Tomáš Stúpala

Personal information
- Date of birth: 5 May 1966 (age 60)
- Place of birth: Bratislava, Czechoslovakia
- Height: 1.85 m (6 ft 1 in)
- Position: Fullback

Youth career
- Nitra

Senior career*
- Years: Team / Apps / (Gls)
- 1984–1985: Slovan ChZJD Bratislava / 7 / (0)
- 1985–1987: Dukla Banská Bystrica / 43 / (0)
- 1987–1998: Slovan Bratislava / 257 / (1)
- 2000–2001: Svätý Jur
- 2001–2004: Tomášov

International career
- 1993–1995: Slovakia / 14 / (0)

Managerial career
- Slovan Bratislava juniori (assistant manager)
- Družstevník Báč
- Dunajská Lužná
- Slovan Bratislava juniori (assistant manager)
- Lamač

= Tomáš Stúpala =

Slovak footballer

Tomáš Stúpala (born 5 May 1966) is a Slovak former footballer.

==Career==
Stupala made 195 appearances in the Czechoslovak First League between 1984 and 1993, playing for Slovan Bratislava at club level as well as Dukla Banská Bystrica, where he completed two years of military service.

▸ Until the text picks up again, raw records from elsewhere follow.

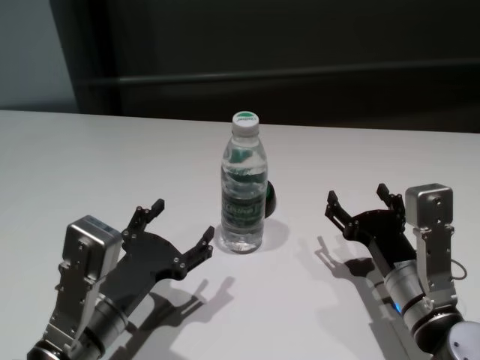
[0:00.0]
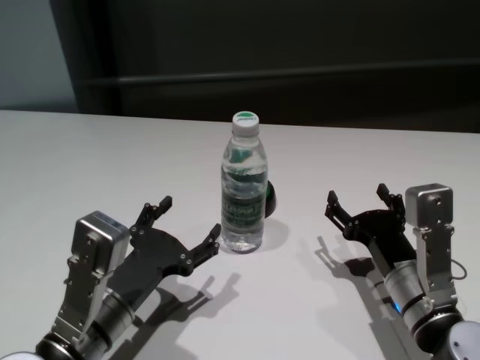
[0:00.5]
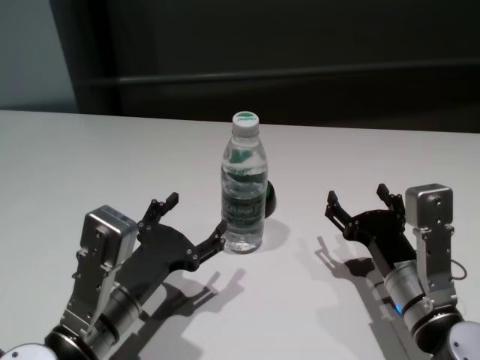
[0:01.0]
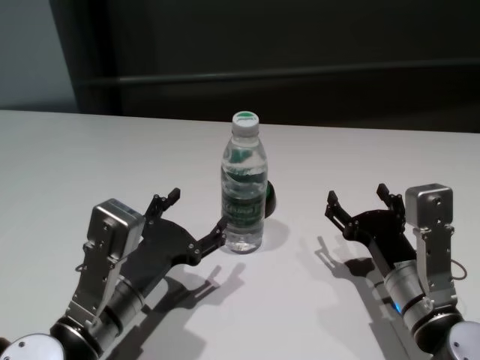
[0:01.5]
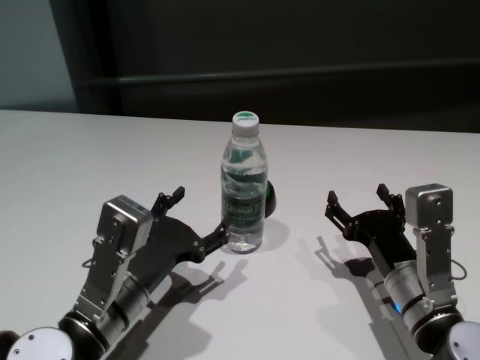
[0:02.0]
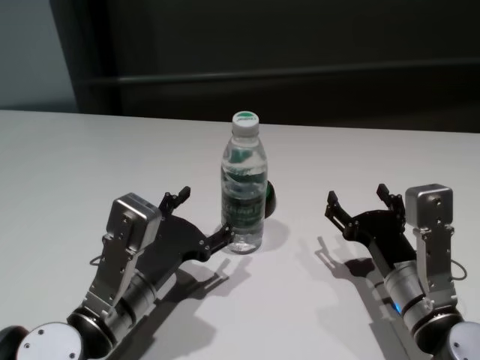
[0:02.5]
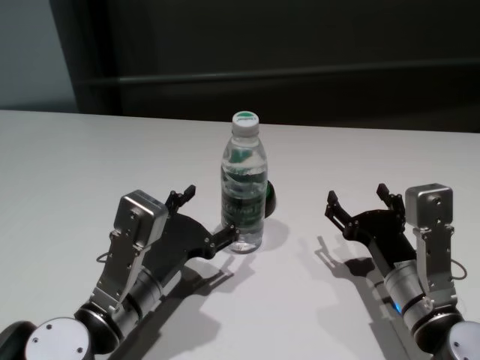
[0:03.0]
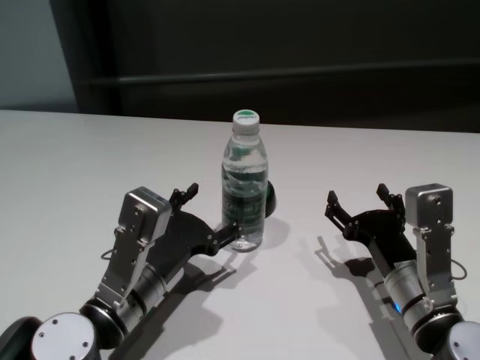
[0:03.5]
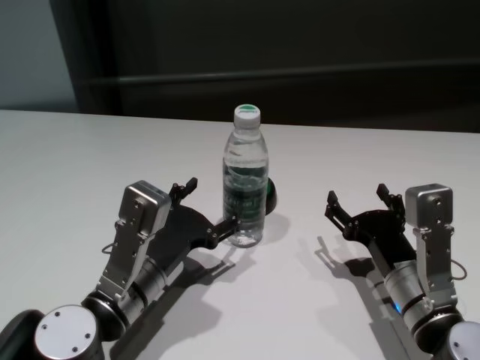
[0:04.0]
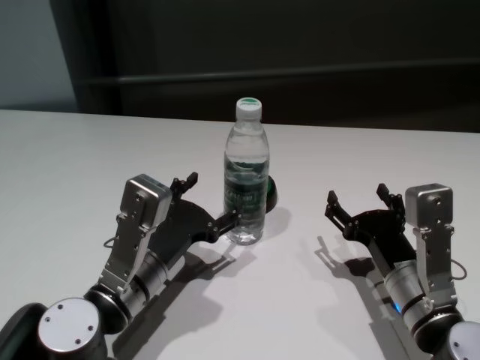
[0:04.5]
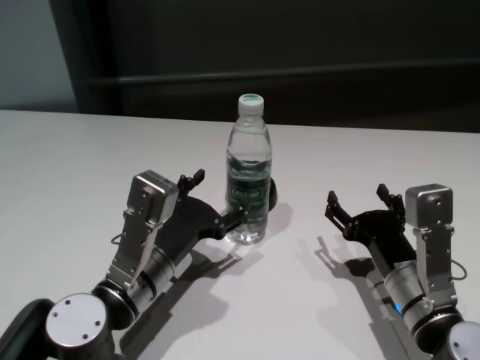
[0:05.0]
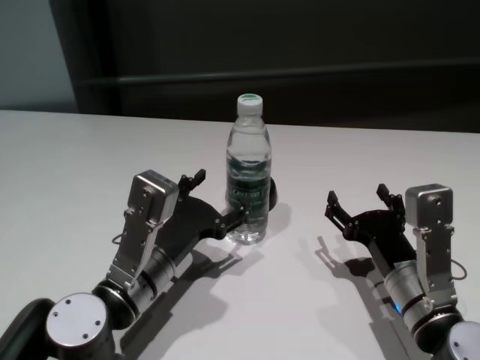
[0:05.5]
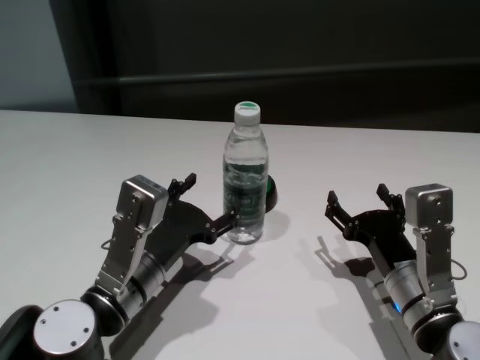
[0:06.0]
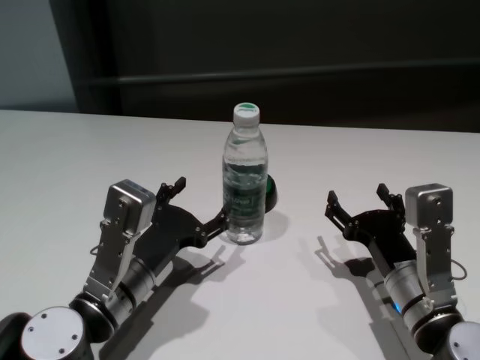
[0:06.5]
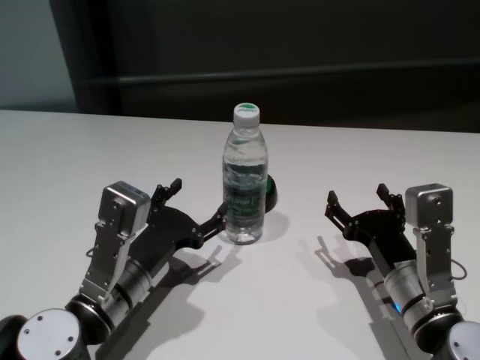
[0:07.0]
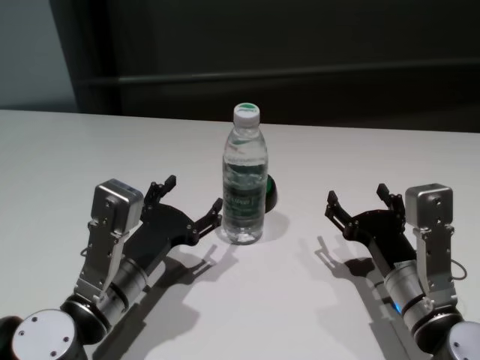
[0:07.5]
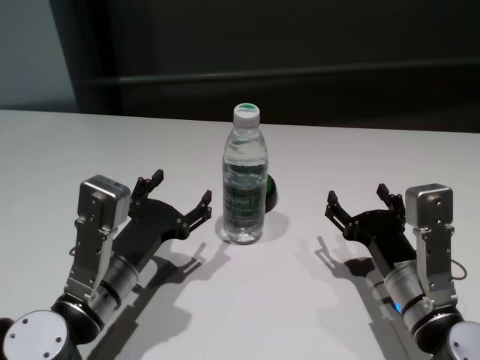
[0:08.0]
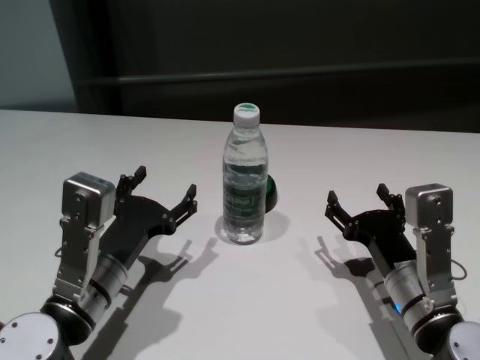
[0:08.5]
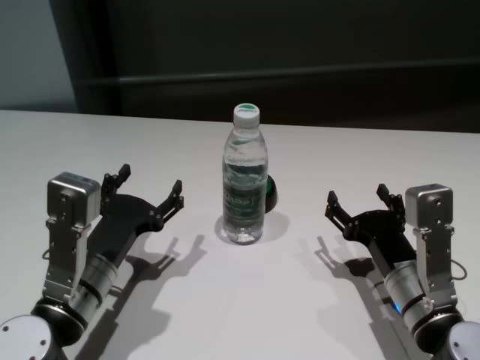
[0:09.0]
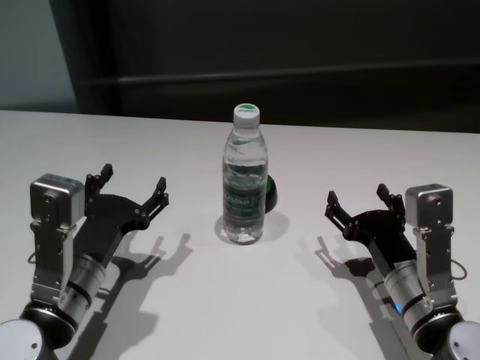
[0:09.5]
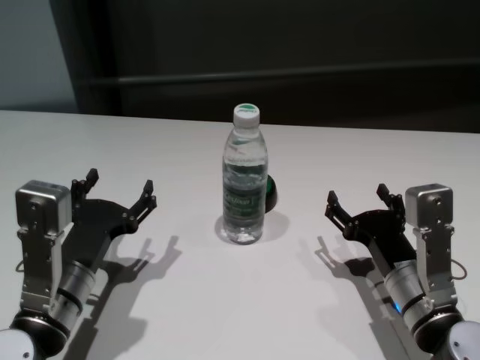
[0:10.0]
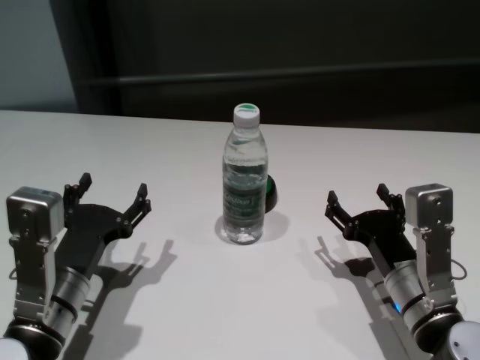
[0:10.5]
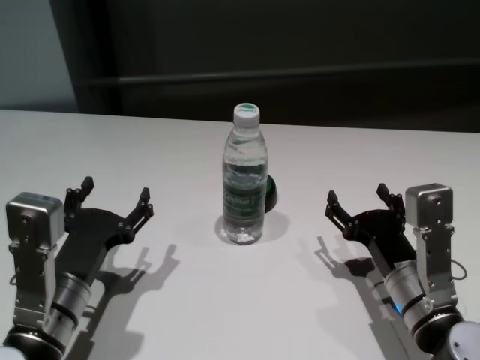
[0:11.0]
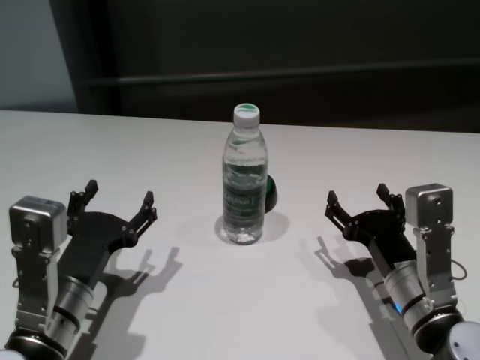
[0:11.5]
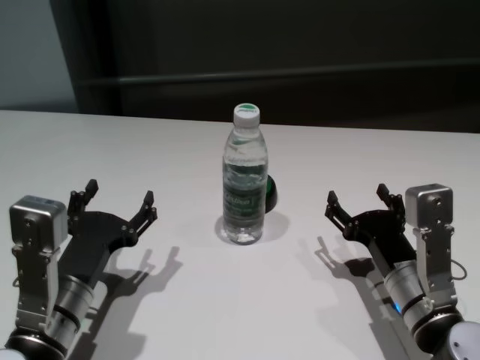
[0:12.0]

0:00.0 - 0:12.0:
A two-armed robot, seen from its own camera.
Task of the whole recording: return to a safe position after touching an obstacle with your arm on the white table.
Step, 0:00.0 - 0:07.5: Touch the bottle with left gripper.

He earned 14 caps for the Slovakia national football team from 1994 to 1995, including playing in the first match between the Czech Republic and Slovakia, a 1–1 draw.

==Post-playing career==
After his retirement from playing, Stupala became a football coach. He was appointed assistant manager of ŠK Slovan Bratislava reserve team in 2008. He later worked as a courier and then in administration for Mercedes-Benz in Zlaté Piesky.